Sepsis is a systematic inflammatory response to infection. This response has been associated with activation of the coagulation cascade, consumption of anticoagulation factors, and inhibited fibrinolysis [55]. Perinatal hypoxia, interruption of fetal blood flow and impairment of gas exchange, is a condition comprising liver and bone marrow oxygenation leading to disturbances in neonatal hemostasis and platelet function [56]. Parastatidou et al. (2020) showed that EXTEM A10 is a strong predictor for bleeding events in thrombocytopenic neonates with sepsis or hypoxia. More precisely, adjusted analysis by logistic regression revealed that EXTEM A10 (OR = 0.88, 95% CI: 0.81–0.95, p = 0.003), PLTEM ΜCE (OR = 0.90, 95% CI: 0.82–0.99, p = 0.043), and PLTEM MCF (OR = 0.96, 95% CI: 0.92–0.99, p = 0.039) were significantly correlated with clinical bleeding. All these ORs were close to 1, indicating that results should be interpreted with caution [46]. Sokou et al. (2021) showed that both EXTEM A10 and LI60 are strong predictors (β coefficient: − 0.013, 95% CI: − 0.143, − 0.061, p < 0.001 and β coefficient: +0.064, 95% CI: +0.020, +0.108, p = 0.005, respectively) for bleeding events in critically ill neonates and have included them into a prediction model of hemorrhage in this clinical setting [47].

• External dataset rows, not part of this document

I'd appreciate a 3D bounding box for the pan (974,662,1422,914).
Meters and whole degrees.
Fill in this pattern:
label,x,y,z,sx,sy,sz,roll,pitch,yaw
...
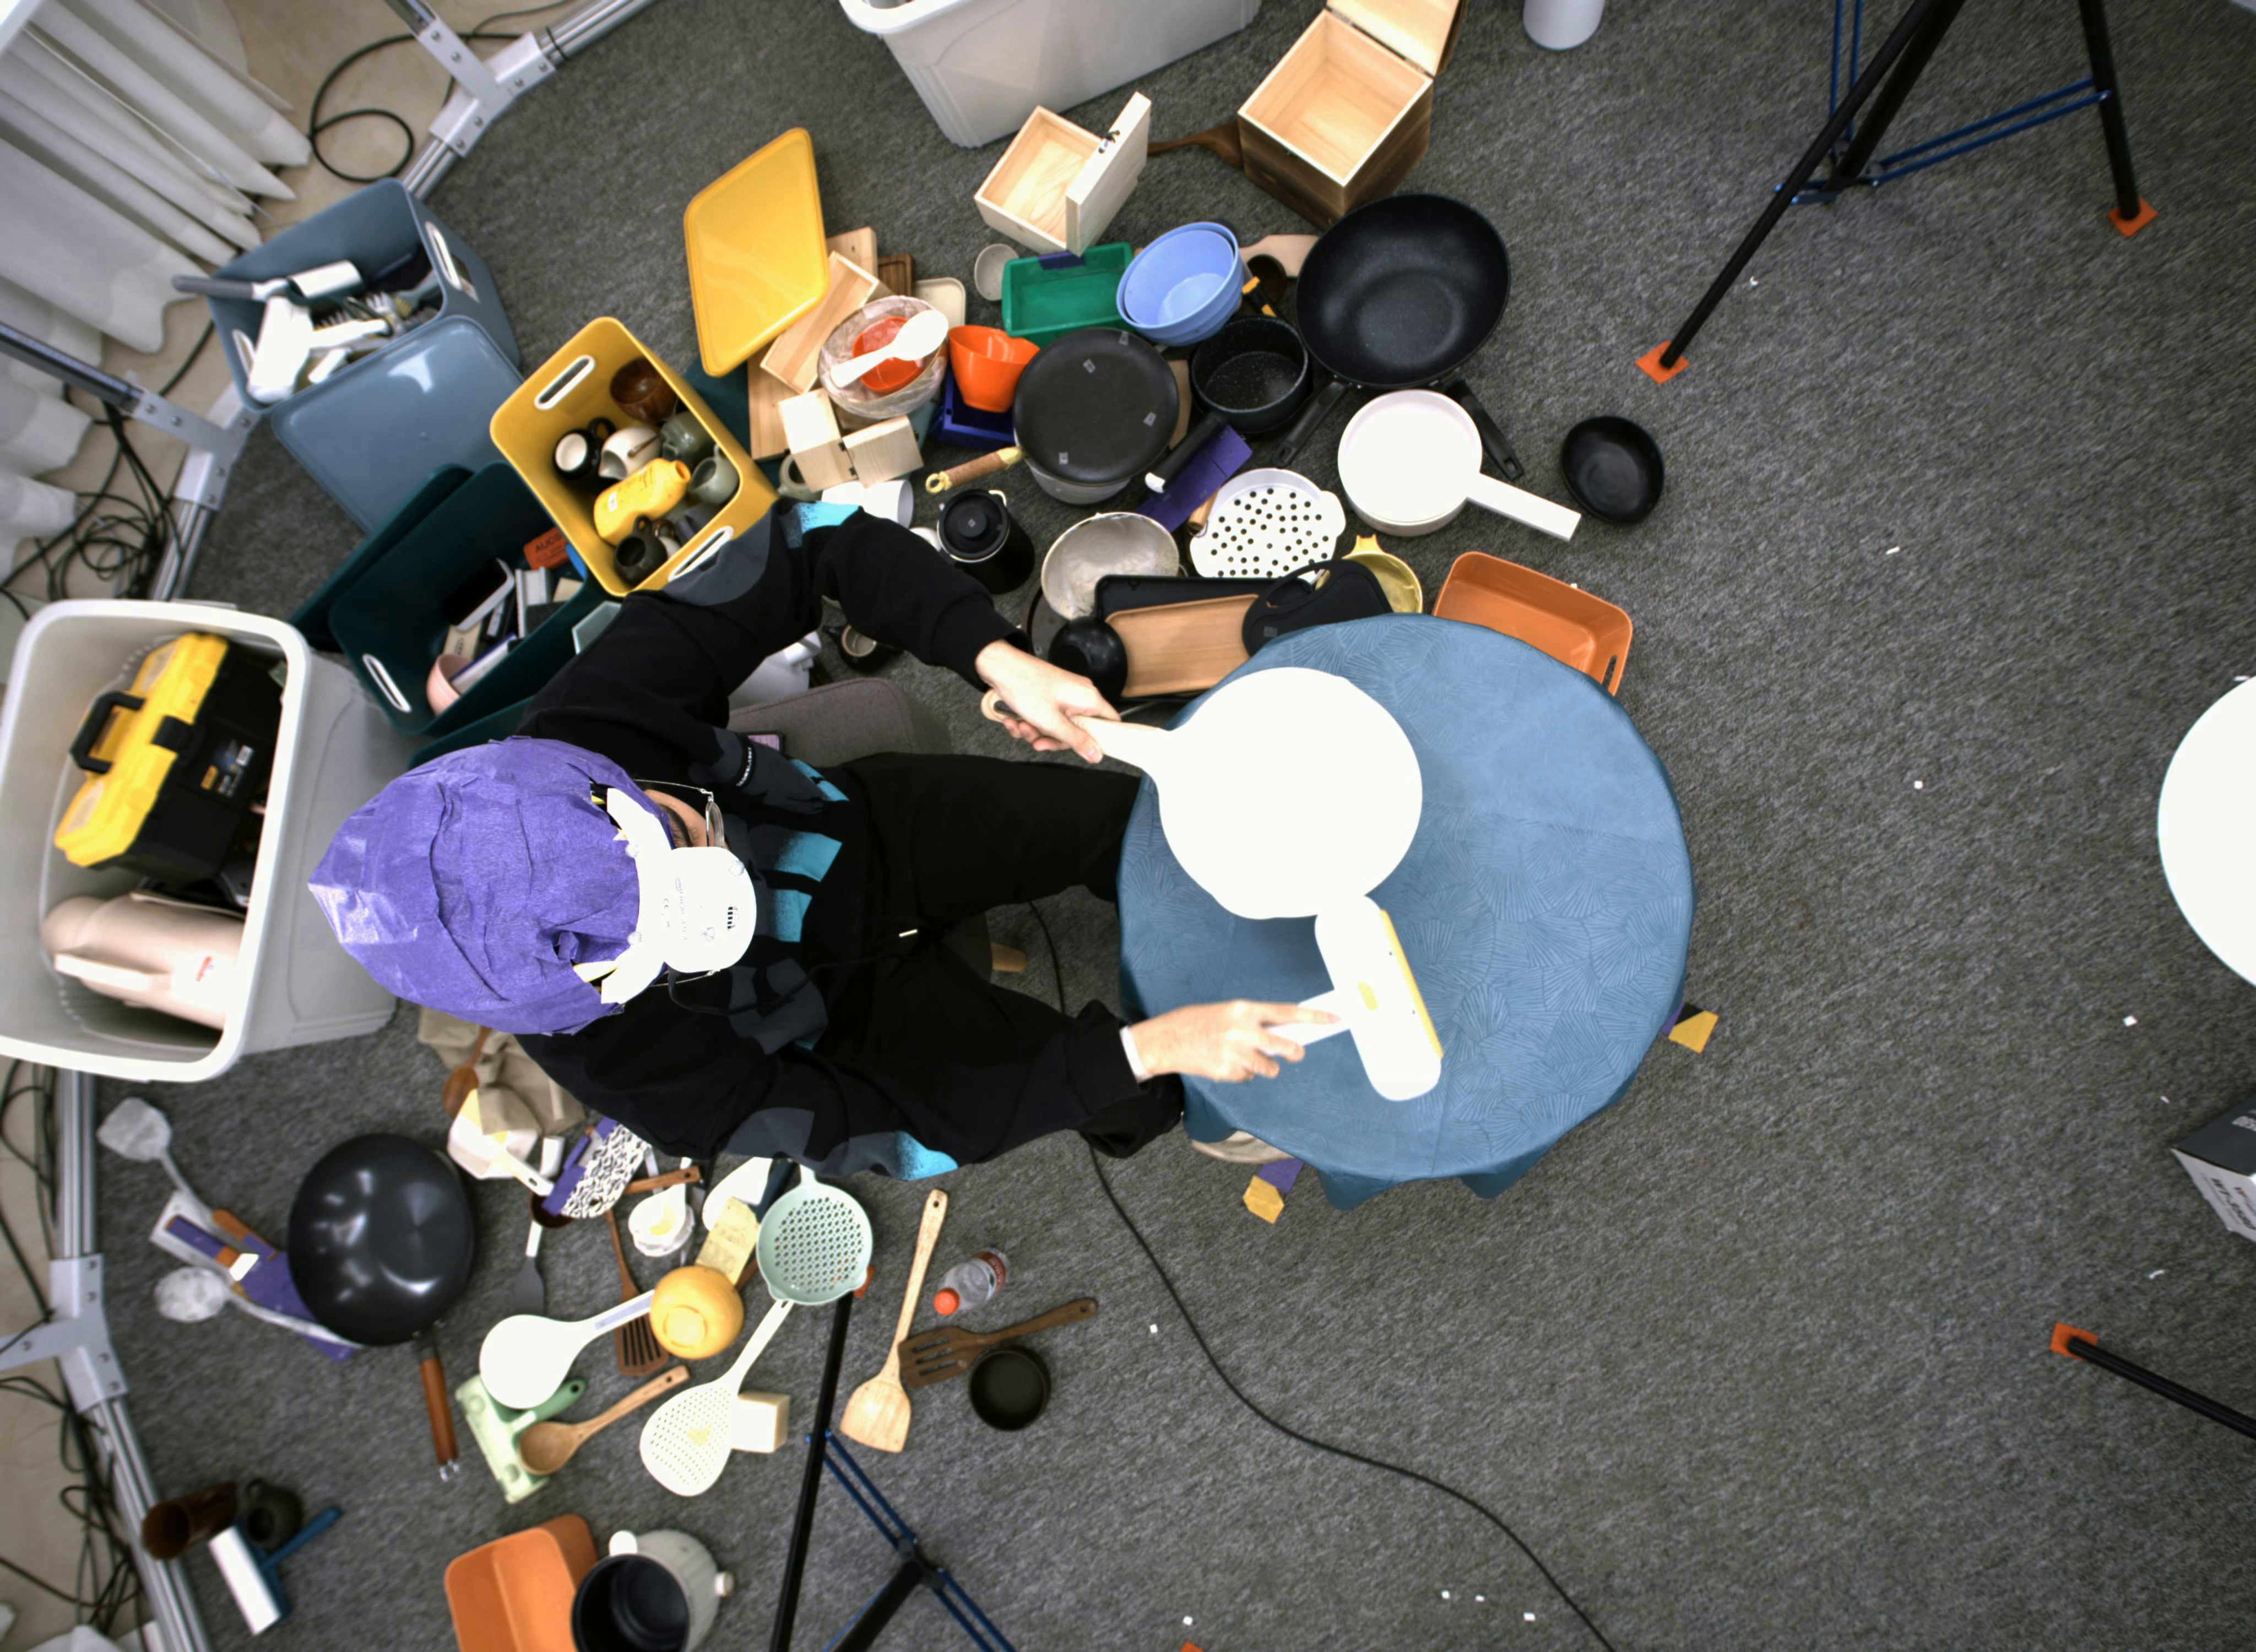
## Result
label,x,y,z,sx,sy,sz,roll,pitch,yaw
pan,0.069,-0.070,1.340,0.435,0.099,0.269,18,118,-4

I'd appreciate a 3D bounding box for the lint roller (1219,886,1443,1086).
label,x,y,z,sx,sy,sz,roll,pitch,yaw
lint roller,0.176,0.172,1.292,0.194,0.074,0.191,-27,82,10

Although the existing data are still limited, the value of viscoelastic tests in predicting bleeding risk seems promising. What is clear is that the viscoelastic tests can better identify a condition of altered hemostasis than the standard coagulation tests do, possibly contributing in optimizing transfusion treatment in ill neonates [2, 10].

Conclusion

It is imperative that larger multicenter studies are performed to establish reference ranges, as well as diagnostic and therapeutic values of all TEG and ROTEM assays. The viscoelastic tests are probably clinically useful as part of the standard coagulation tests, because of their more rapid and accurate estimation of hemostasis. Considering that transfusions in neonates are applied mostly prophylactic, and that they have been proved cost ineffective and associated with complications, TEG/ROTEM needs to be evaluated in the context of transfusion algorithms as they seem to have the potential to optimize blood utilization.